In this problem, we will give a derivation of kernel SVM and kernel
ridge regression from the view of function approximation with
pernalization. The objective function of a linear SVM can be
interpreted as Hinge Loss combined with $L_2$ regularization over the
space of linear functions. The objective function of a kernel SVM can
be interpreted in the same way: Hinge Loss plus $L_2$ regularization
over the Hilbert space of functions defined by a kernel function.
Assume we are doing classification or regression over
$\mathbb{R}^d$. We first introduce the following abstract vector space:
\begin{equation}
H = \{f:\mathbb{R}^d\to \mathbb R: f(x)= \sum_{m=1}^M\alpha_m k(x,y_m):\alpha_i\in\mathbb R, M\in\mathbb N, y_m\in \mathbb R^d\},
\end{equation}
where $k(x,y):\mathbb R^d\times \mathbb R^d\to\mathbb R$ is a kernel
function that satisfies the property $k(x,y) = k(y,x)$ for any $x,y\in
\mathbb R^d$ and for any distinct $y_1,y_2,\dots, y_M\in\mathbb R^d$,
the matrix $K\in\mathbb R^{M\times M}$ defined by $K_{ij}=k(y_i,y_j)$
is positive definite.
This is a vector space since it has a zero and linear combinations make
sense. It can be infinite-dimensional however since there are lots of
possible $y_m$.
\begin{Parts}
\Part Now we introduce an inner product on the above vector space $H$. We define the inner product between any two functions
$$f(x)=\sum_{m=1}^M\alpha_m k(x,y_m),g(x)=\sum_{s=1}^S\beta_s k(x,x_s)\in H,$$
in $H$ as
\begin{equation}
\langle f,g \rangle_H = \sum_{m=1}^M\sum_{s=1}^S\alpha_m\beta_s k(y_m,x_s).
\end{equation}
{\bf Show that the defined inner product is valid.} That is, it satisfies the symmetry, linearity and positive-definiteness properties stated below: For any for any $f,g, h\in H$ and any $a\in \mathbb R$, we have
\begin{itemize}
\item $\langle f,g \rangle_H= \langle g,f \rangle_H$.
\item $\langle af,g \rangle_H = a\langle f,g \rangle_H$ and $\langle f+h,g \rangle_H = \langle f,g \rangle_H + \langle h,g \rangle_H$.
\item $\langle f,f \rangle_H\geq 0$; $\langle f,f\rangle =0$ if and only if $f$ is an constant zero function.
\end{itemize}
{\bf What is the norm of the function $f$?} (The natural norm in an inner product space is defined as $\|f\|_H=\sqrt {\langle f,f \rangle_H }$.)

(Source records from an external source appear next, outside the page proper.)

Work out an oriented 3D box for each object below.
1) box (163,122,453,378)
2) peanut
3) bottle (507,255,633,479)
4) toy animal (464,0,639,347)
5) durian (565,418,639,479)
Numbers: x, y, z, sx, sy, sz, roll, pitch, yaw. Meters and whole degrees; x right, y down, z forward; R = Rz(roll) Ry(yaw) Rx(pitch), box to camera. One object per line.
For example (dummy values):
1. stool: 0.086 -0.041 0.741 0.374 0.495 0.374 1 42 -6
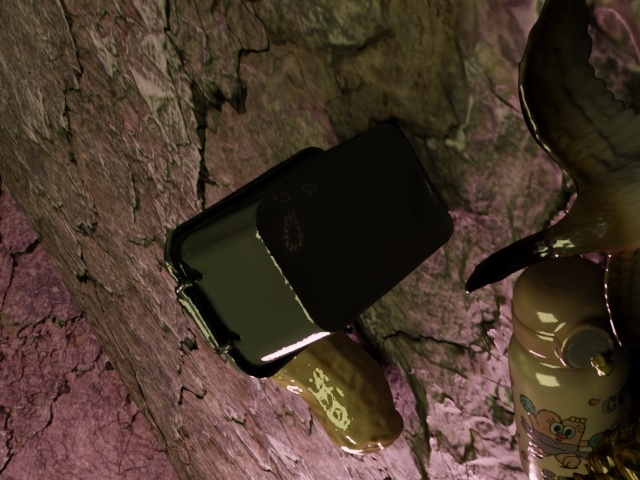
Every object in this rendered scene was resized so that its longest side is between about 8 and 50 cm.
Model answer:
1. box: 0.000 0.000 0.776 0.135 0.243 0.163 -26 97 51
2. peanut: -0.001 0.157 1.066 0.256 0.123 0.123 54 154 9
3. bottle: 0.203 0.113 0.691 0.110 0.097 0.209 -104 -2 -56
4. toy animal: 0.175 -0.029 0.504 0.160 0.197 0.272 -10 107 58
5. durian: 0.272 0.246 0.573 0.258 0.258 0.293 35 175 35
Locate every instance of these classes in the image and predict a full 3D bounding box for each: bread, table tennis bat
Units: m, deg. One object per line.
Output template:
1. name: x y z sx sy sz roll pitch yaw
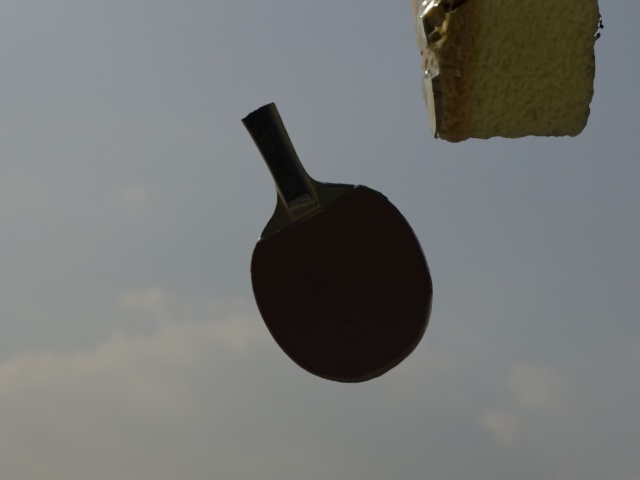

\Part {\bf Show that the defined inner product has the reproducing
property $\langle k(x,\cdot),k(y,\cdot) \rangle_H=k(x,y)$}, where we
take $\cdot\to k(x,\cdot)$ and $\cdot\to k(y,\cdot)$ as two functions
in $H$. In other words, the inner-product is natural for the vector
space as defined. {\bf Conclude that }
\begin{equation}
\langle k(\cdot, x_i),f \rangle_H = f(x_i).
\end{equation}
(For those who have taken signal processing courses, you can see here
that what this family of definitions is trying to do is to parallel
the example of the sifting property that we know from signal processing.)
\Part The completion of this inner product space is a Hilbert space
called a Reproducing Kernel Hilbert Space (RKHS), but in this problem,
this knowledge is not required. From now on, we will work in the
completion of $H$. We will also call it $H$ for notational
simplicity. We assume we have the following knowledge of a Hilbert
space: Suppose $M$ is a finite-dimensional subspace of a Hilbert space
$H$. Then any element $f$ in the full space $H$ has a unique representation as the sum of an element of $M$ and an element that is orthogonal to any element in $M$. That is,
\begin{equation}
f = m + g,
\end{equation}
for some $m\in M$ and some $g$ such that $\langle m',g\rangle_H=0$ for
all $m'\in M$. (In other words, it behaves exactly like the vector spaces that
you are used to.)
Below we introduce a general optimization problem over the Hilbert space $H$. We will see many kernalized machine learning algorithms, including kernel SVM, can be written in the following form: Given a data set with $N$ points $x_i,y_i, i=1,\dots,N$, the optimization problem is
\begin{equation}
\min_{f\in H} \frac 1 N \sum_{i=1}^N L(y_i,f(x_i)) + \lambda \|f\|_{H}^2,
\end{equation}
where $L$ is any loss function on pairs of real numbers. (Remember,
the $y_i$ here in this part are real numbers. They are not training
points in $d$-dimensional space. Those are the $x_i$.)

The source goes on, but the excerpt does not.